Do colonial à modernidade em concreto       

As pessoas que atualmente circulam na Praça da Sé e observam com admiração a imponente Catedral Metropolitana, a gigantesca estação do Metrô e o belo Palácio da Justiça não imaginam que ali já existiram muitos outros prédios (alguns até foram implodidos); que o local já serviu de terminal de ônibus e de pátio de estacionamento de tílburis e dos primeiros táxis existentes na cidade; que algumas ruas desapareceram; que igrejas e um teatro foram demolidos e que era um pacato lugar de casinhas em estilo barroco, por onde circulou uma população muito simples.       

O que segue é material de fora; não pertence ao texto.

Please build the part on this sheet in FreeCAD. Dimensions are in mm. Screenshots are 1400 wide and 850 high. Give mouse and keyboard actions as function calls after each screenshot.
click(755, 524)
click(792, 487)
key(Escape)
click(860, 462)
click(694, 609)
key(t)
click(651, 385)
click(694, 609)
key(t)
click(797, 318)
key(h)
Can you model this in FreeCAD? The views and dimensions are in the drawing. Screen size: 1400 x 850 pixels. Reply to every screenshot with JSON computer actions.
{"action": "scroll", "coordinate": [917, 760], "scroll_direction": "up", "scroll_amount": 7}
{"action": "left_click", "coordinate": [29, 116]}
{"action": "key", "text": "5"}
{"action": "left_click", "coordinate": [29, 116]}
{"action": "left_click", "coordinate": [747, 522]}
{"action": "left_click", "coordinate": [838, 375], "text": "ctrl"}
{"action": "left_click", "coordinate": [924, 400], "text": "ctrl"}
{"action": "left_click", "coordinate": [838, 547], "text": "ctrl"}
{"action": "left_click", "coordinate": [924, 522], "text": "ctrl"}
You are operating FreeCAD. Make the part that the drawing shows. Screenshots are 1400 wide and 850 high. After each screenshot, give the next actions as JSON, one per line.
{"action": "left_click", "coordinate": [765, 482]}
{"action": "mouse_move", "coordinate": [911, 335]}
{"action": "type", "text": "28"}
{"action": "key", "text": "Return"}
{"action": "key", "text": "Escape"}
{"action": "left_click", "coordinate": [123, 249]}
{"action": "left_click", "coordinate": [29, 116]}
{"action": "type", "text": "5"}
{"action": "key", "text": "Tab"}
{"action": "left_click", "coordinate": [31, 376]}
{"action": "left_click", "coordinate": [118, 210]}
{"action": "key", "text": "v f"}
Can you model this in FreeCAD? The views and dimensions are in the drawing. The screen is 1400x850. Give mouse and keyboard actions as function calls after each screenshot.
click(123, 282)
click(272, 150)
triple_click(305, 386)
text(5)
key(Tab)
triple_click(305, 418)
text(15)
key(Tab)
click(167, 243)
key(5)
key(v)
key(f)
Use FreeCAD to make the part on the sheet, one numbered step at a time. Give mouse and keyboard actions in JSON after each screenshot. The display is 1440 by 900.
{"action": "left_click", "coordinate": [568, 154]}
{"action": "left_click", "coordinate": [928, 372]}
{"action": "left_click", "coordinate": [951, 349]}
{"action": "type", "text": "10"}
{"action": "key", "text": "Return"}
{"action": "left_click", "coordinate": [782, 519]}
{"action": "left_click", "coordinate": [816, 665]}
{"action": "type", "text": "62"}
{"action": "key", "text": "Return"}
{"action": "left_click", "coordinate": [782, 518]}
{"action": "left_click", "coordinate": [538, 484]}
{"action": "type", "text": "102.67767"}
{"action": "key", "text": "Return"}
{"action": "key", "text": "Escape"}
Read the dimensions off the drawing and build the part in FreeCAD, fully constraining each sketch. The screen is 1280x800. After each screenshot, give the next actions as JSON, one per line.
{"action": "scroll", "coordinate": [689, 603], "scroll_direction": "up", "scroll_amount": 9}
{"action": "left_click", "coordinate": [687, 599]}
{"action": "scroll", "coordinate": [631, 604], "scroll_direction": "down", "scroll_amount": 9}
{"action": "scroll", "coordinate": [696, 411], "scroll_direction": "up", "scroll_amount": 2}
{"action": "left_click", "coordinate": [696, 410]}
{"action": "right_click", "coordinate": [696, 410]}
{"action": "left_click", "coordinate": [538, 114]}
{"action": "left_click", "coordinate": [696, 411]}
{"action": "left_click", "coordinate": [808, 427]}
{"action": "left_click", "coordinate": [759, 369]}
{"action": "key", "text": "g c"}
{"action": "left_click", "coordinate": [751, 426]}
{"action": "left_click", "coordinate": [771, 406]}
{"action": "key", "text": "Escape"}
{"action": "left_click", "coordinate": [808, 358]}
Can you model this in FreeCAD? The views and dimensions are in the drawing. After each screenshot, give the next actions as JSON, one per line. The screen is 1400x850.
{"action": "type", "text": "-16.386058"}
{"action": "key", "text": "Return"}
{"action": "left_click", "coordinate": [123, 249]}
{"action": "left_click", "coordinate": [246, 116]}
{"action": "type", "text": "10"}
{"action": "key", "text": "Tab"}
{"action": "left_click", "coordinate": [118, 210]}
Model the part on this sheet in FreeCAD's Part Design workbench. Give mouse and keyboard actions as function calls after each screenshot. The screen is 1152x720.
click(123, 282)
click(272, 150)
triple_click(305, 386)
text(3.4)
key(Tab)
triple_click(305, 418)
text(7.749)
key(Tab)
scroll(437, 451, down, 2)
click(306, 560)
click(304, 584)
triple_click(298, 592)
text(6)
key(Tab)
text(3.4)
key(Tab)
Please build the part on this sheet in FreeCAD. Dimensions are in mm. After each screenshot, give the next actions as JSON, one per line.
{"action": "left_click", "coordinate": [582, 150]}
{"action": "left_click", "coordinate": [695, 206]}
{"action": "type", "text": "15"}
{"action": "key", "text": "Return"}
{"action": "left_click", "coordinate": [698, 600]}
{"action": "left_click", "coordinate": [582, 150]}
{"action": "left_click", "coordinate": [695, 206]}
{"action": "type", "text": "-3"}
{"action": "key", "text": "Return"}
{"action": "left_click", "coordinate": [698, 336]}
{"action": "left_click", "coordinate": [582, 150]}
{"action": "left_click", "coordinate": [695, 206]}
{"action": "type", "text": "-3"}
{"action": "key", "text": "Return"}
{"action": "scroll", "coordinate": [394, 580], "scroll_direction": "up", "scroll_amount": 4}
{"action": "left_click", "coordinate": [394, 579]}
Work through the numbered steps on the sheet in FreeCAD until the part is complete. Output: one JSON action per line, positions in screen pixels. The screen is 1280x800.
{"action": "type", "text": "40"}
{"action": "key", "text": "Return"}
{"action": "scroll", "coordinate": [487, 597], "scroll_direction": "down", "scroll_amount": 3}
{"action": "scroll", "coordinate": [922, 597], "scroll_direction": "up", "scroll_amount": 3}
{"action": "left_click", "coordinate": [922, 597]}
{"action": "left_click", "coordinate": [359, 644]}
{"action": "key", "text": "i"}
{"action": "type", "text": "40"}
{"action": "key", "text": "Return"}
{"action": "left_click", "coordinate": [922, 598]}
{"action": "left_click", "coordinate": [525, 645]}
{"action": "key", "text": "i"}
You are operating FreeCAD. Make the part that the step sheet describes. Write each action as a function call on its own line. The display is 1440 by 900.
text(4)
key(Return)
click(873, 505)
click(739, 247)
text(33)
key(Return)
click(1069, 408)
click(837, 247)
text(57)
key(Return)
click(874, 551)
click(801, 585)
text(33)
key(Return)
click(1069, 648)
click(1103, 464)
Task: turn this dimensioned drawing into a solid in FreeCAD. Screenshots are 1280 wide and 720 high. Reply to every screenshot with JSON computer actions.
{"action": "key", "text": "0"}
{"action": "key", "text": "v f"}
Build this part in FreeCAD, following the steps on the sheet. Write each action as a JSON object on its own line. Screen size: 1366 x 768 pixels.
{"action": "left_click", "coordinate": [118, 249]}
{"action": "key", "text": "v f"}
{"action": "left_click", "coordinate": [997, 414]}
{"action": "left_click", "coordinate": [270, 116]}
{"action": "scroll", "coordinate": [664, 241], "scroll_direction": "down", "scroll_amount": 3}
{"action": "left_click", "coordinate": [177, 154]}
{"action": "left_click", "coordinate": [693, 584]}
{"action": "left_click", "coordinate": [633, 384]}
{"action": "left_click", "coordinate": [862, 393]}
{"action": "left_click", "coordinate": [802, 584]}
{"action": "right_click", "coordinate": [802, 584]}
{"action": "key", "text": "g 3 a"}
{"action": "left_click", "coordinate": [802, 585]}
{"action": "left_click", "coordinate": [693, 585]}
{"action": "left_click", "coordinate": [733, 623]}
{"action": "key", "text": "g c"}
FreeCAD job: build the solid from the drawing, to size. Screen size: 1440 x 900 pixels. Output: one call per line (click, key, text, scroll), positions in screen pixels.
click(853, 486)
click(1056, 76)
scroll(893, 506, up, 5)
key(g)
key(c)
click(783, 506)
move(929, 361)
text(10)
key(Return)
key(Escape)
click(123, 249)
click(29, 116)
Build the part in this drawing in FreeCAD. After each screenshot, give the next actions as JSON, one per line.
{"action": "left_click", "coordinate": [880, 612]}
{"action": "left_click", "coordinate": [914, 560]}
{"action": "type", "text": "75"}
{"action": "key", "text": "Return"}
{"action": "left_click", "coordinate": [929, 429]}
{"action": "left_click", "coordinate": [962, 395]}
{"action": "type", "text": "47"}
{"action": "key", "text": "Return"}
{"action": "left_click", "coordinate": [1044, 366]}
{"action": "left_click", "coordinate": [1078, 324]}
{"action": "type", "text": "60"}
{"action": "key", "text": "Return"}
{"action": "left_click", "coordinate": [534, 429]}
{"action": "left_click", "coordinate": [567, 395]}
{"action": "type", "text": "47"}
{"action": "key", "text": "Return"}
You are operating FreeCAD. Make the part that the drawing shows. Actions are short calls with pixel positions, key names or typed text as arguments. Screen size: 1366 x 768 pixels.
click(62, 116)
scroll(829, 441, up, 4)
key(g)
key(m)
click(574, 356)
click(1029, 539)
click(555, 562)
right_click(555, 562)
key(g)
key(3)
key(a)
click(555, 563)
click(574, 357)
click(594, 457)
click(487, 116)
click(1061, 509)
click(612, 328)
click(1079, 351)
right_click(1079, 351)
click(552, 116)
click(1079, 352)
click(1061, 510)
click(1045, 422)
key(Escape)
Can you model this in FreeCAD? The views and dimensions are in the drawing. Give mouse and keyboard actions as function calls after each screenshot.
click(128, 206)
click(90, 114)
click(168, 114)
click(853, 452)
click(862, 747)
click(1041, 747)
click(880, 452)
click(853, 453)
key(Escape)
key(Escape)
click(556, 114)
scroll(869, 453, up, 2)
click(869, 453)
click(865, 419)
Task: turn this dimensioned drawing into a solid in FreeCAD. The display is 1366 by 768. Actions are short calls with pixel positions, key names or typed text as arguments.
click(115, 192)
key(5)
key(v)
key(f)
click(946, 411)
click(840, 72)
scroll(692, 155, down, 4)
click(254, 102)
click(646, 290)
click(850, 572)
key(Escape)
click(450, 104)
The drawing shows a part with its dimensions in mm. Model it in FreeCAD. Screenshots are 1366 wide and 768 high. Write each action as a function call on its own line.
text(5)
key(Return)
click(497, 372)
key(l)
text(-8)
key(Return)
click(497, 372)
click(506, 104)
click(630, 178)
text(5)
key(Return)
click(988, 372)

O Brasil começou a ter suas memórias preservadas somente a partir da Lei n° 378  de 13 de janeiro de 1937, no governo de Getúlio Vargas, quando foi  criado o IPHAN –   Instituto de Patrimônio Histórico e Artísticos Nacional. Na época o ministro da Educação e Saúde, Gustavo Capanema, preocupado com a preservação do patrimônio cultural brasileiro, pediu a Mário de Andrade que elaborasse um anteprojeto de lei que preservasse esses bens. Em seguida, foi confiada ao jornalista Rodrigo Melo Franco de Andrade a tarefa de implantar o Serviço de Patrimônio – SPHAN. Melo Franco contou com a colaboração de outros brasileiros ilustres como Oswald de Andrade, Manuel Bandeira, Afonso Arinos, Lúcio Costa e Carlos Drummond de Andrade.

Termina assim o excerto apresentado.